Your copy should match the entries below exactly, apart from the images.

Records contained in a dataset
——
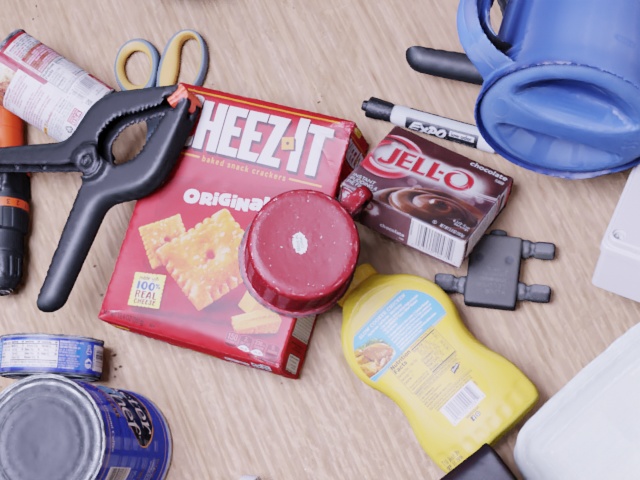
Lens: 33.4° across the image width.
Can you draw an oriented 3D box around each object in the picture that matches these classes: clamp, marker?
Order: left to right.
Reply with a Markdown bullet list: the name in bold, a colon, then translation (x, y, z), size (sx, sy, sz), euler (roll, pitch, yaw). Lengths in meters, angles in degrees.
- **clamp**: translation (-0.194, -0.065, 0.885), size (0.210, 0.036, 0.165), euler (-42, 69, 6)
- **marker**: translation (0.092, -0.098, 0.898), size (0.121, 0.020, 0.020), euler (18, 82, 16)
- **clamp**: translation (0.171, -0.152, 0.883), size (0.171, 0.039, 0.120), euler (34, 84, 11)

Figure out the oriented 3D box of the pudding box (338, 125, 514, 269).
- **pudding box**: translation (0.084, -0.036, 0.854), size (0.113, 0.039, 0.089), euler (28, 51, 17)

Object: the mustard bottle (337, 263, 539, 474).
- **mustard bottle**: translation (0.074, 0.085, 0.840), size (0.096, 0.058, 0.192), euler (-45, 72, 5)

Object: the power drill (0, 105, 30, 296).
- **power drill**: translation (-0.353, -0.030, 0.966), size (0.188, 0.057, 0.184), euler (-8, 72, 8)

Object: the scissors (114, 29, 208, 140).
- **scissors**: translation (-0.161, -0.100, 0.959), size (0.096, 0.016, 0.202), euler (17, 82, 18)

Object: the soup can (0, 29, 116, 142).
- **soup can**: translation (-0.238, -0.131, 0.942), size (0.102, 0.068, 0.068), euler (33, 86, -1)

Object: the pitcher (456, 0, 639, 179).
- **pitcher**: translation (0.195, -0.183, 0.806), size (0.145, 0.149, 0.242), euler (6, 60, 18)

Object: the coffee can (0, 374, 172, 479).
- **coffee can**: translation (-0.188, 0.163, 0.839), size (0.103, 0.140, 0.103), euler (-3, 77, 12)

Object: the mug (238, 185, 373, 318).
- **mug**: translation (-0.005, 0.001, 0.797), size (0.117, 0.081, 0.093), euler (-39, 86, -9)

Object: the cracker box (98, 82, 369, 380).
- **cracker box**: translation (-0.070, -0.009, 0.888), size (0.164, 0.072, 0.213), euler (15, 80, 15)

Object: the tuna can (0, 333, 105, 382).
- **tuna can**: translation (-0.224, 0.099, 0.891), size (0.086, 0.086, 0.034), euler (-1, 78, 13)
——
## Result of this exercise:
Lens: 33.4° across the image width.
Can you draw an oriented 3D box around each object in the picture that matches these classes: clamp, marker?
Order: left to right.
Reply with a Markdown bullet list: the name in bold, a colon, then translation (x, y, z), size (sx, sy, sz), euler (roll, pitch, yaw). Lengths in meters, angles in degrees.
- **clamp**: translation (-0.194, -0.065, 0.885), size (0.210, 0.036, 0.165), euler (-42, 69, 6)
- **marker**: translation (0.092, -0.098, 0.898), size (0.121, 0.020, 0.020), euler (18, 82, 16)
- **clamp**: translation (0.171, -0.152, 0.883), size (0.171, 0.039, 0.120), euler (34, 84, 11)

Figure out the oriented 3D box of the pudding box (338, 125, 514, 269).
- **pudding box**: translation (0.084, -0.036, 0.854), size (0.113, 0.039, 0.089), euler (28, 51, 17)

Object: the mustard bottle (337, 263, 539, 474).
- **mustard bottle**: translation (0.074, 0.085, 0.840), size (0.096, 0.058, 0.192), euler (-45, 72, 5)

Object: the power drill (0, 105, 30, 296).
- **power drill**: translation (-0.353, -0.030, 0.966), size (0.188, 0.057, 0.184), euler (-8, 72, 8)

Object: the scissors (114, 29, 208, 140).
- **scissors**: translation (-0.161, -0.100, 0.959), size (0.096, 0.016, 0.202), euler (17, 82, 18)

Object: the soup can (0, 29, 116, 142).
- **soup can**: translation (-0.238, -0.131, 0.942), size (0.102, 0.068, 0.068), euler (33, 86, -1)

Object: the pitcher (456, 0, 639, 179).
- **pitcher**: translation (0.195, -0.183, 0.806), size (0.145, 0.149, 0.242), euler (6, 60, 18)

Object: the coffee can (0, 374, 172, 479).
- **coffee can**: translation (-0.188, 0.163, 0.839), size (0.103, 0.140, 0.103), euler (-3, 77, 12)

Object: the mug (238, 185, 373, 318).
- **mug**: translation (-0.005, 0.001, 0.797), size (0.117, 0.081, 0.093), euler (-39, 86, -9)

Object: the cracker box (98, 82, 369, 380).
- **cracker box**: translation (-0.070, -0.009, 0.888), size (0.164, 0.072, 0.213), euler (15, 80, 15)

Object: the tuna can (0, 333, 105, 382).
- **tuna can**: translation (-0.224, 0.099, 0.891), size (0.086, 0.086, 0.034), euler (-1, 78, 13)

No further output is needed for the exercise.